I arrived in Poland in early November 1946. Or so I think. I didn't know where I was going. And nobody asked anyway. You didn't have to know where the repatriation train was heading.
I met my future wife, Stanislawa, in Cracow. We got married in the summer of 1952. It was in Cracow, in the registry office. Just us and the two witnesses. A boy and a girl my wife knew. There was no wedding party.

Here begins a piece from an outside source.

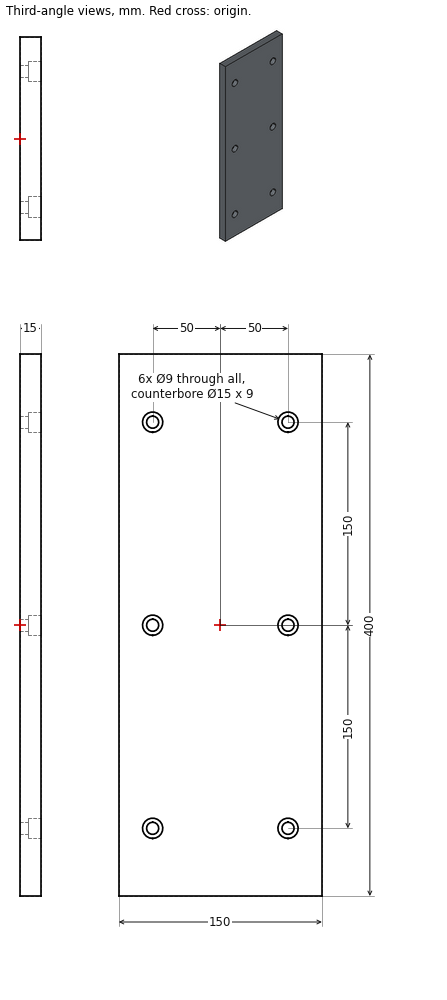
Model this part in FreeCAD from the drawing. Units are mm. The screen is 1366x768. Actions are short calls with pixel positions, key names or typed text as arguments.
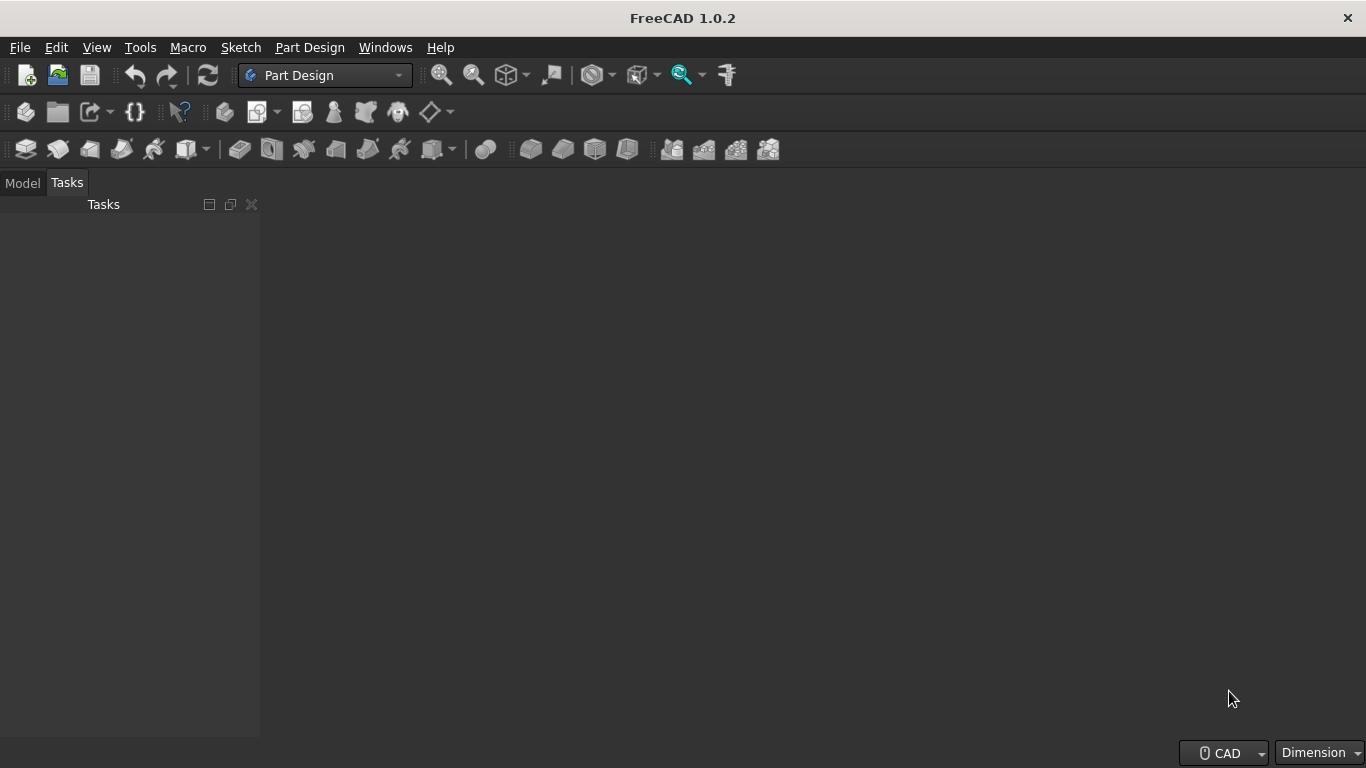
key(ctrl+n)
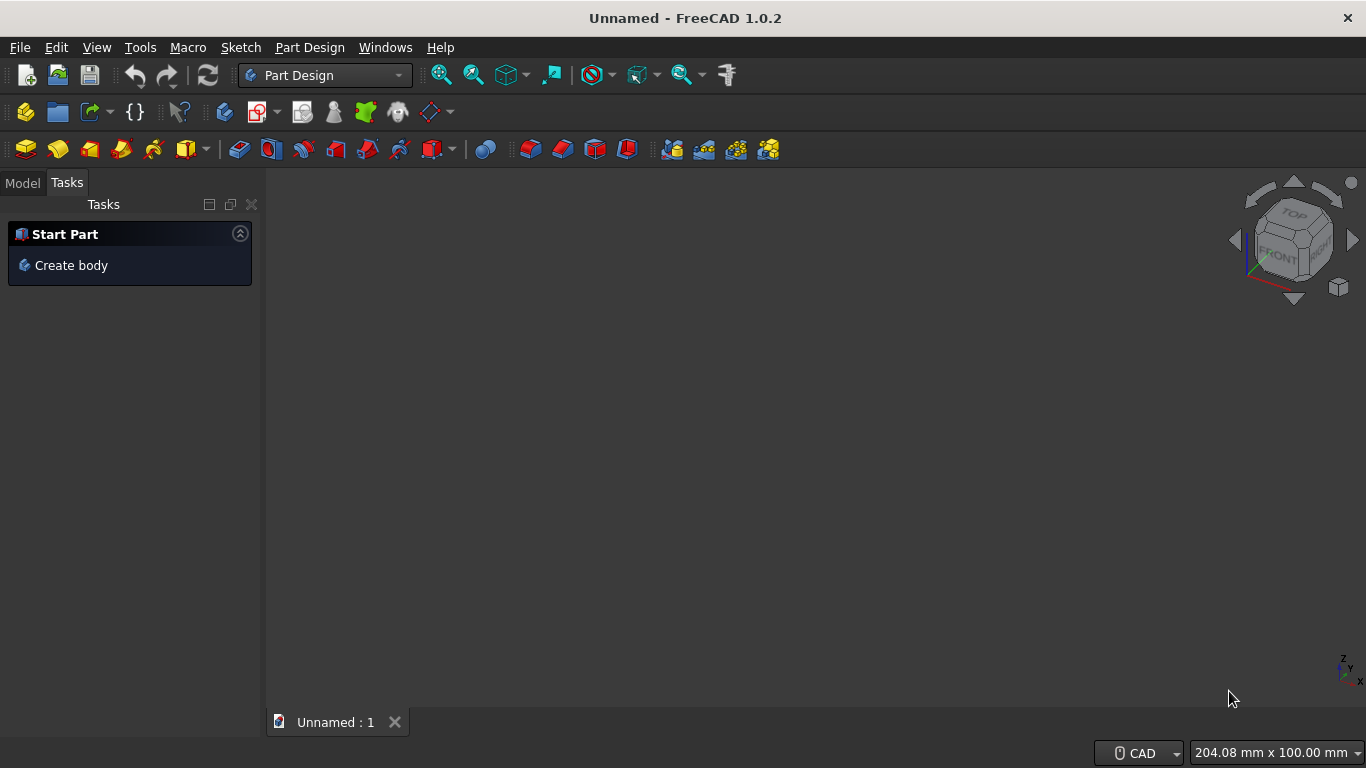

Two of my children were born in Labiszew. Ala in 1954, and Ludwik in 1956. My youngest, Andrzej, was born in 1960 in Malczkow. My children know I'm Jewish but they were not raised in the Jewish tradition. They were christened. They went to a normal school, just like everybody else. Ala went to the school in Jasionna at first, and later all three went to the school in Cieladz. Ala completed a merchant high school, just like me. Ludwik finished a mechanical high school. The third one Andrzej dropped out just before the final exams. The elder two, Ala and Ludwik live in our village, Cieladz. They have their own houses. Andrzej has lived in Germany for 19 years now. The city he lives in is called Regensburg. He left with his girlfriend, it was still People's Republic of Poland back then. They went as tourists but fled and didn't come back. They settled there. Ala has two children, a boy and a girl. His name is Daniel and hers - Dagmara. He's 30 and she's 27. Ludwik has a son, Konrad, he's now 26, and a daughter, Kinga, she's 23. There are no children in Germany. We were a good family. We kept our limbs intact, nobody ever hurt anybody. We're still closely bonded.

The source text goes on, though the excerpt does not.